Chapitre III : Le Cataclysme de la Rupture et l’Ombre de Monsieur et Madame Smith
Les premiers doutes s’expriment publiquement de manière subtile. Lors d’une interview accordée au magazine W, Jennifer Aniston hésite de façon poignante lorsque le journaliste qualifie Brad Pitt d’amour de sa vie : « Est-il l’amour de ma vie ? Je ne sais pas, c’est sans aucun doute un grand amour ». Un an plus tard, elle exprime son désir profond de fonder une famille et de ralentir le rythme. Ce rêve de maternité ne verra jamais le jour avec lui.
Au milieu des années deux mille, le couple publie un communiqué commun annonçant leur séparation après sept ans de vie commune, insistant sur le fait que leur décision est le fruit d’une mûre réflexion et qu’ils restent unis par un respect mutuel. Mais la réalité des mois qui suivent s’avère d’une violence psychologique inouïe pour Aniston. Le divorce est prononcé peu après, alors même que la presse publie les premières photos de Brad Pitt au Kenya aux côtés d’Angelina Jolie, sa partenaire dans le film Mr. & Mrs. Smith.
Pour Jennifer Aniston, cette période est un « cataclysme », une véritable torture vécue sous l’œil voyeur du monde entier. Réduite par les médias au cliché de la victime abandonnée au sein d’un triangle amoureux infernal, elle refuse de se laisser définir par ce drame. De son côté, Brad Pitt plonge tête baissée dans une nouvelle existence, tumultueuse et ultra-mediatisée. Avec Angelina Jolie, il fonde une famille nombreuse de six enfants, un « joyeux chaos » qui culmine par un mariage au Château Miraval en France. Cependant, ce second mariage, prophétisé par leur film commun Vue sur mer mettant en scène un couple en crise, s’effondre de manière fracassante. Les accusations de violences à bord d’un jet privé, bien que classées sans suite par le FBI et les services sociaux, laissent l’acteur isolé, divorcé et confronté à un immense vide existentiel.
Chapitre IV : Les Retrouvailles et le Poids des Regrets
C’est après la tempête de son divorce avec Angelina Jolie et au fil de sa reconstruction personnelle que le passé a rappelé Brad Pitt à l’ordre. Si l’acteur a tenté de refaire sa vie à travers des liaisons discrètes ou passagères — de l’architecte Neri Oxman au mannequin Nicole Poturalski, jusqu’à sa relation actuelle et plus solide avec Ines de Ramon —, l’écho de son histoire avec Jennifer Aniston n’a jamais cessé de résonner.

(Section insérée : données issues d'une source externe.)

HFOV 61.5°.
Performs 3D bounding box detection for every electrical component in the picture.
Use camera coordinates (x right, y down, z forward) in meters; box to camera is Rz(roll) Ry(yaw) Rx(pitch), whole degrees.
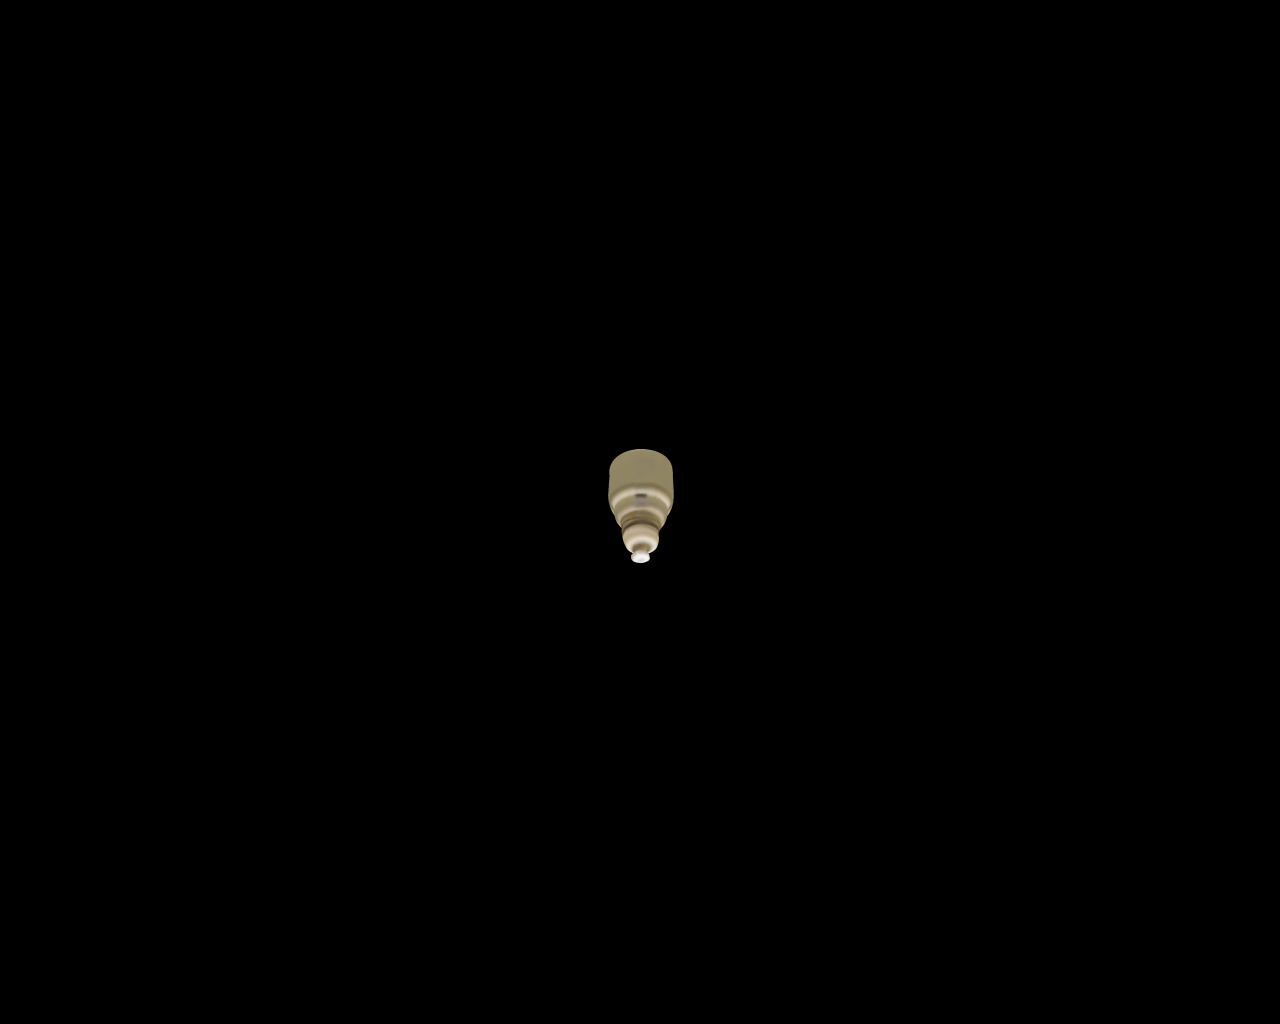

Déjà deux ans après leur divorce, l’acteur confessait au magazine Esquire qu’il conservait une amitié profonde avec elle, affirmant que leur via partagée ne pourrait jamais être effacée. Mais c’est lors de la cérémonie des Screen Actors Guild (SAG) Awards que le monde a été témoin de la vérité nue. Récompensés tous les deux le même soir, les anciens époux se croisent en coulisses. Les caméras immortalisent une étreinte spontanée, un échange de regards d’une tendresse infinie, et la main de Brad retenant doucement le poignet de Jennifer alors qu’elle s’éloigne.
Ce geste, court mais d’une immense charge émotionnelle, a enflammé la Toile et réveillé l’espoir de millions de fans. Bien que les proches aient immédiatement tempéré les ardeurs en affirmant qu’il ne s’agissait que d’une belle amitié entre deux adultes mûrs, l’alchimie et la familiarité saisissantes de cet instant ont mis en lumière ce que beaucoup d’analystes d’Hollywood murmurent depuis des années : Jennifer Aniston demeure le grand regret, l’œuvre inachevée et la femme que Brad Pitt n’a jamais pu remplacer.